Id. at 453. Through the Nationwide Class,
Plaintiffs seek to mitigate what they perceive is a risk of
inconsistent judgments resulting from the procedural history
of this case prior to the consolidation of Wright and West’s
action with those brought by the other named plaintiffs.
7
On September 26, 2006 (the cutoff date for the
proposed class), the United States Bankruptcy Court for the
District of Delaware confirmed a reorganization plan for
Owens Corning after nearly six years of bankruptcy
proceedings. Pursuant to the order confirming the plan and 11
U.S.C. § 1141, all claims that existed against Owens Corning
as of that date were discharged. After Wright and West
brought suit but before Plaintiffs’ actions were consolidated,
Owens Corning moved for summary judgment, arguing that
the claims belonging to Wright and West existed prior to
September 26, 2006, and were thus discharged when the
reorganization plan was confirmed.
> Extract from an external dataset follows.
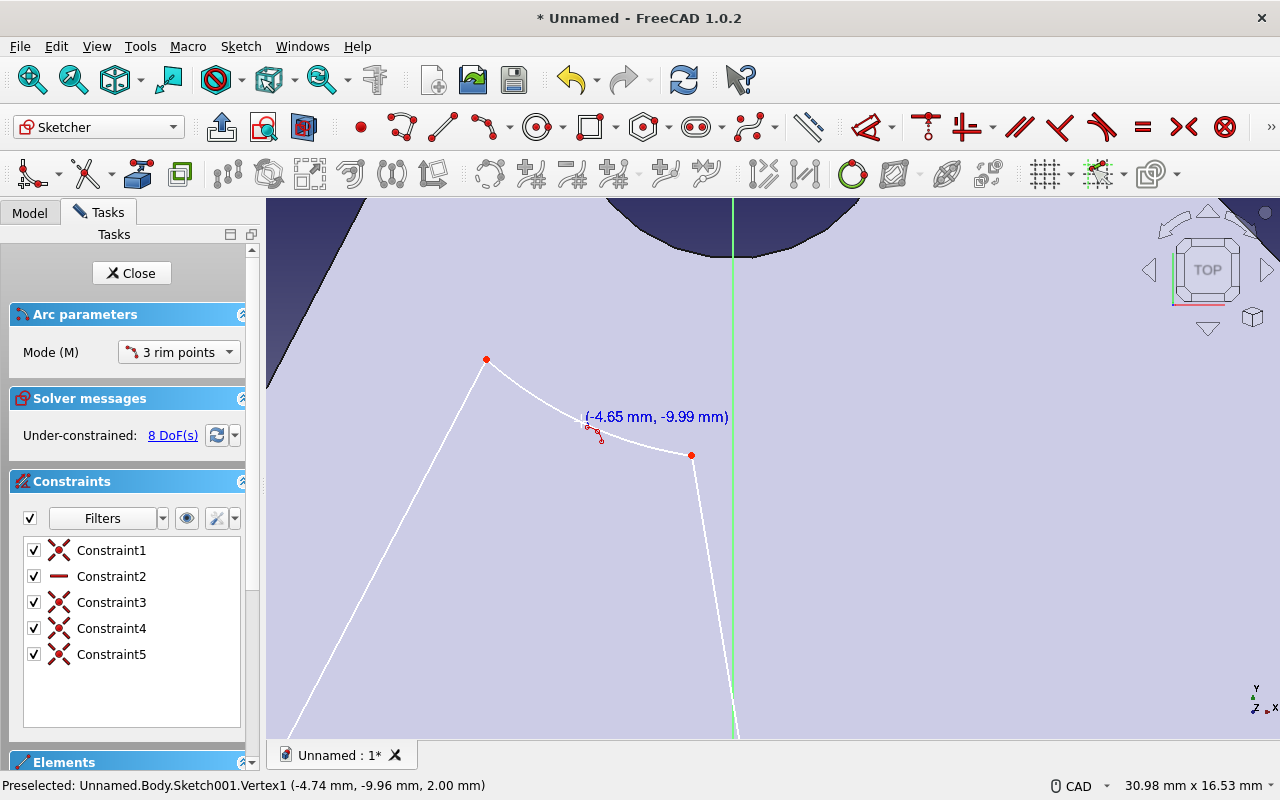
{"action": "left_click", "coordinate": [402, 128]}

The District Court
granted summary judgment in favor of Owens Corning, citing
this Court’s decision in JELD-WEN, Inc. v. Van Brunt (In re
Grossman’s Inc.),
607 F.3d 114 (3d Cir. 2010) (en banc)
(“Grossman’s”). In that case, we held that for purposes of
determining whether a claim is dischargeable in bankruptcy,
the claim arises when the claimant is exposed to the debtor’s
product or conduct, regardless of when an injury is
discovered.
Grossman’s, 607 F.3d at 125. For Wright and
West, this meant that their claim arose when they purchased
their shingles. Since that was before Owens Corning’s
reorganization plan was confirmed, the District Court
concluded that Wright and West’s claims were discharged.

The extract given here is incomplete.